Thursday, September 20, 2012

Arizona Department of Health Services Is On Facebook: Herein, an essay, beginning with discussion of another means for civil disobedience and open dialogue- well, not open dialogue, but what else is new with ADHS?

     This will be brief. I spent about twenty minutes last night looking through the various entries on the Arizona Department of Health Services official Facebook page, and was pleased to see literally hundreds of critical areas of public health concerns that the ADHS "team" works to contribute to in terms of everything from education, to expansions in (some) services, events and opportunities for children to engage in healthy activities, and oh gosh, I am a lost giddy over the complexity of it all. They do such a great job, covering every base imaginable, in such thorough fashion, and just look at those smiling faces, it's so overwhelmingly pleading to the eye that I….. Wait…. Critical areas of public heath concern? Events, opportunities? Smiling faces?
    What in the hell am I saying? Have I finally lost track of reality? 

    Of course it is wonderful to know that the good folks at ADHS are putting out so much positive propaganda and involving themselves (the "team") in so much good stuff. But it only begs the question: If Will Humble and his various droogs are able to address myriad issues of almost ever possible shape and form, why in the hell can't they take an honest step or two towards ethically resolving the substandard care and practices at The Arizona State Hospital? For christ's sake, it's right there on East Van Buren! It never moves, fluctuates, or otherwise dodges attention, and yet the problems that I witnessed and experienced during my thirteen months of hospitalization at ASH have been going on since the dawn of time. It is like a nervous tic, it is a sore toe, a potentially quick fix right there, it and the problems associated with it. So why can't they see this? Why won't they fix it? What is the problem, exactly?

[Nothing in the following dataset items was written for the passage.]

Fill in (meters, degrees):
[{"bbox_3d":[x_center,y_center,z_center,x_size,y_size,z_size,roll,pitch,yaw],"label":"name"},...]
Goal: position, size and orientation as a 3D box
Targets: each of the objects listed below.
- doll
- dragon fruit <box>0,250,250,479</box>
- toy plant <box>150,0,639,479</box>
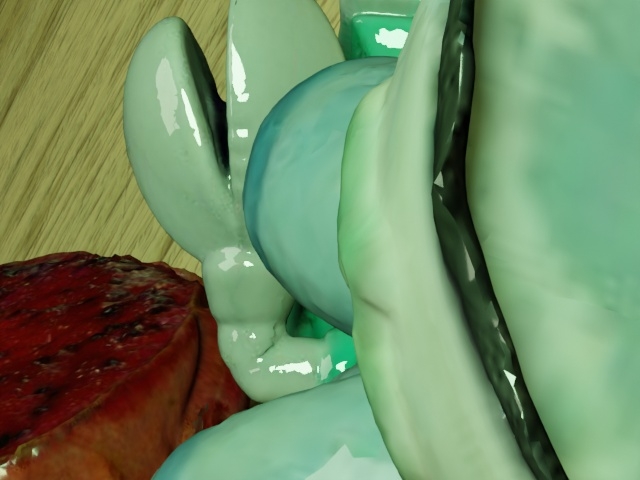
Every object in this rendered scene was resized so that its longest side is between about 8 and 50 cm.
[{"bbox_3d":[0.000,-0.010,0.790,0.195,0.153,0.258,90,-173,-55],"label":"doll"},{"bbox_3d":[-0.081,0.127,0.925,0.317,0.152,0.205,-89,-19,-71],"label":"dragon fruit"},{"bbox_3d":[0.075,0.039,0.516,0.332,0.247,0.247,139,144,-64],"label":"toy plant"}]

     Why? What? I'll tell you why and what: Because seriously mentally ill/disabled persons are amongst the most marginalized human beings in our world, that's why. I don't know if this universally the case, from one culture to the next, and throughout the ages, but it applies today. People like me, and my peers at ASH, are quite literally swept under the proverbial carpet, kept at a comfortable distance ("As far out of sight as possible, thank you."), ignored, and even detested. I attest to having acquired- while at ASH- the awareness that mentally ill and disabled people (like me) don't generally rate so much as an even, fairly shared place in a line for service at a food counter. I saw this, I felt it, I was the subject of it. I was subjected to it, day in, day out. Otherness, alienism, freakishness, dehumanization. I was feared, I was shunned, I was less than human in the eyes of most ASH staff, and I deserved less than humane treatment in their views. And this is how all of the patients at ASH are treated, even if they can't recognize it.  

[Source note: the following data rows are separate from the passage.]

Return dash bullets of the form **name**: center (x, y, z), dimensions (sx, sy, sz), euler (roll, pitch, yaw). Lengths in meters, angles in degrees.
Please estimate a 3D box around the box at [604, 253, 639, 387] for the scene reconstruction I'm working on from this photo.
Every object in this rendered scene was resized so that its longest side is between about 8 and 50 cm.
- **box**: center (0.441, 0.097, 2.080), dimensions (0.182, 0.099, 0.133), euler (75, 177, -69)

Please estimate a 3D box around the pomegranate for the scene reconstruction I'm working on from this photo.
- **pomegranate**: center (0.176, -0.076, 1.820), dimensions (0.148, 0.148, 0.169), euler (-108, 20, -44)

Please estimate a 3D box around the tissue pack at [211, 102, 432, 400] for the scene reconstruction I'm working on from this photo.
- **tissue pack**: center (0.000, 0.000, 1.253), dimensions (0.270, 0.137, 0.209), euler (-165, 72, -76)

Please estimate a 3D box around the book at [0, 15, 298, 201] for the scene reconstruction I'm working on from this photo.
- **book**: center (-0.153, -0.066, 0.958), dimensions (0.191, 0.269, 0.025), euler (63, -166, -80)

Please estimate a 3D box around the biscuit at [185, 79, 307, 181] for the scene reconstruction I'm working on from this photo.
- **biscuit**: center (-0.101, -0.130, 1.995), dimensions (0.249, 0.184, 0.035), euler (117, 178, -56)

     But I refused to accept it. I believe, too, that this was nothing short of a luxury, in comparison to how many of my friends at ASH experience "life" there. Many of them have been subjected to the consequences and impacts of their respective disability for a good portion of their lives. Institutionalization, too, does happen, and for these sorts of reasons, many of my peers at ASH knew no other way or had forgotten any other way to exist or be treated; while I, on the other hand, had spent most of my pre-ASH (48-49) years of life living as most reasonably privileged Americans do, with little to no fear of being treated like a nit (you hear that, Patel?) or abused or harmed by others, outside of the criminals on the streets. I was in, fact, and not too long ago, one of those who would cross a major street in order to avoid having to share the sidewalk with a man or woman talking to themselves, and I realized/remembered this while I was there, at ASH. It was an amazing and very disturbing array of self realizations and awarenesses to experience, my "life" at ASH, but my experiences there never pushed me off my own personal ledge of basic integrity (although, try they did try, the rat bastards, in every way I believe they knew how, through intimidation, abuse of authority, ridicule, and insult).  

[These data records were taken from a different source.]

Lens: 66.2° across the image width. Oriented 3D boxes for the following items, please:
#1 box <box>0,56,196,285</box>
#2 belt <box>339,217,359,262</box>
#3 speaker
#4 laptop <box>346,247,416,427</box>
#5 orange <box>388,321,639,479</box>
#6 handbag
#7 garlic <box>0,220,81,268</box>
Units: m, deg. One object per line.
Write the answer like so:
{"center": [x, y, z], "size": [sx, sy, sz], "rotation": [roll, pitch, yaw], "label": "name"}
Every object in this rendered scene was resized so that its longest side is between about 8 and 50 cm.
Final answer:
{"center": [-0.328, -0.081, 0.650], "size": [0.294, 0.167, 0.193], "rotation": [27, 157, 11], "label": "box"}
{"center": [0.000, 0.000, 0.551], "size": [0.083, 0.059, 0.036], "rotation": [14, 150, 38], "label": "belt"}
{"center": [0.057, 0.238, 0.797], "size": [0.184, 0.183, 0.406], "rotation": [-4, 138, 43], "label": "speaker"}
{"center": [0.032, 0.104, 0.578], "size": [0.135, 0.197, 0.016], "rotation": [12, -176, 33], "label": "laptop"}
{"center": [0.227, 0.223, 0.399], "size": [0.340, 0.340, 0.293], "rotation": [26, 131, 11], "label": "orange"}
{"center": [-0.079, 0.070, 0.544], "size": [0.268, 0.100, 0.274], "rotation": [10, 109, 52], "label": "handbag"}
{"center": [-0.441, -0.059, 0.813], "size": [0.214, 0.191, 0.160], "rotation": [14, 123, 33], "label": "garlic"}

     I survived ASH only because I knew then, as I do now, that my integrity as a person is so inalienably tied into my very presence here on this rock, that even the rudest and/or most ruthlessly power hungry staff person or doctor at ASH never so much as nudged me from my sense of self as a human being. It shook me up at times, and it aggravated my willingness to consider death as a better way to exist, and of course my feelings were hurt. But I refused to be like them, and I knew, that if I was not very, very careful, I would in life become just like them. Mentally ill people are, as a rule, systematically dehumanized by the majority of our given culture. This is common knowledge amongst the few, sadly: dehumanization, and stigmatization. It is the root reason for why congress enacted the Americans With Disabilities Act and explicitly included a variety of provisions specific to the rights of such, the mentally disabled. Because the mentally disabled are very highly at risk of abuse and unlawful exploitation, not as consequence of something nearly so obvious as physical disability (in many cases), but rather because of who they are in terms of personality and behavior; and it this aspect of the condition, mentally disabled, that creates the graphic disconnect between the healthy and the not so healthy in this specific context. Equally common is the undeniable fact that, if given the opportunity to avoid the fundamental precepts of common good in a civilized and contemporary society such as ours, certain forms of our own species will seek the easiest way to do things. They will cut every corner in the house, and evade every direct responsibility that they can, all in order to stay afloat. In order to maintain their status quo. So as to earn a living. All justifiable, in the minds of such people, on the basis of one dog eat the other,  while always looking out for number one. 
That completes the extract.